Tuesday, February 23, 2010

Our Loss

My pregnancy ended last Tuesday with the birth of my already deceased baby girl. She would have been my fourth daughter, but somewhere along the way, something went wrong. I had a bad feeling all through this pregnancy, and was already trying to brace myself for what I feared, and even expected on some level. The last time we heard her heartbeat was at 16 weeks.

We went in for the ultrasound at 20 weeks. The midwife's apprentice accompanied us. She asked me if there were any concerns and I told her I had not yet felt the baby move, and it troubled me. She assured me it wasn't that abnormal, especially with a first baby (this one was my 4rth). The doctor asked me the same thing, and I gave him the same answer. I received the same response from him.

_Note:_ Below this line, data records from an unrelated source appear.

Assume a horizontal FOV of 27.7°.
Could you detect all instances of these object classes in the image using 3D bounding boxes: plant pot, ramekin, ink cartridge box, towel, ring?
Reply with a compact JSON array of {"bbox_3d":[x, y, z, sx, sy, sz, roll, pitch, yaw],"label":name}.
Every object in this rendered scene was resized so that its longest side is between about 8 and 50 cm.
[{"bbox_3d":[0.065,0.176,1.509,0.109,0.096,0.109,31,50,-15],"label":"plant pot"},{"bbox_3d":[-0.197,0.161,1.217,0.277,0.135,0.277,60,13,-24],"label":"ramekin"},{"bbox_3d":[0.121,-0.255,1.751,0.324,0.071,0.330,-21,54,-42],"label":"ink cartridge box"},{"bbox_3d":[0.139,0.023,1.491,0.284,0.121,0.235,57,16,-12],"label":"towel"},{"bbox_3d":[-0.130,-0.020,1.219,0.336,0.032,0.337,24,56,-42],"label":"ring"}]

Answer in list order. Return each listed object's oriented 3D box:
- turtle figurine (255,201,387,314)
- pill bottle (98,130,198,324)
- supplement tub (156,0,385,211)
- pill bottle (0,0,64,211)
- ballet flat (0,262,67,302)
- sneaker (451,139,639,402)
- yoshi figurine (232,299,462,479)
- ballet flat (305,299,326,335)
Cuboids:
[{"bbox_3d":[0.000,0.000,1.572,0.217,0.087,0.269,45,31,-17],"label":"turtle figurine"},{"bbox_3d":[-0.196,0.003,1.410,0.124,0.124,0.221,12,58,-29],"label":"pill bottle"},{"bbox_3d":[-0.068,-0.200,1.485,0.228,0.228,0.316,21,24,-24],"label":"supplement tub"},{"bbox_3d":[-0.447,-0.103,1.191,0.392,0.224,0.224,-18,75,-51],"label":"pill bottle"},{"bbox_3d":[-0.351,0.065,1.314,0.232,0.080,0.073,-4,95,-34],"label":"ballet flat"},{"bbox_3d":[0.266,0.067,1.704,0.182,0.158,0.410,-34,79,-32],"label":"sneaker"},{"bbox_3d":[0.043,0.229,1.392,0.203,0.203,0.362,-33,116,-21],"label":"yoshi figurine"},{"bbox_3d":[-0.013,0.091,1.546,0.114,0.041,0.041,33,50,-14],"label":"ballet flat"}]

Then I watched as he started the ultrasound, trying to get a good look at the baby. She was in a hard to get position. He jammed that thing down into my belly so hard. Much harder than I remember these being. He said something seemed off. He continued to do measurements, saying not too much. I watched the screen as my baby didn't move. At some point, when he was pushing especially hard, she did move. It was not a natural feeling. I kept pleading in my mind for him to address the real issue. By this point, I've always seen the heartbeat. Why isn't he talking about the heart? After a while, he shows me. It's a little box on the screen, inside it shows all of the blood/fluid flow. The placenta was rife with activity. Then he moves to the babies legs. Nothing. Then slowly up to the babies abdomen. It's completely still. No color, no activity. No heart. I suppose the heart was in there somewhere. But it wouldn't show up at all with absolutely no blood pumping. It's like my baby was hollow. Only then did he finally tell me what he'd been thinking.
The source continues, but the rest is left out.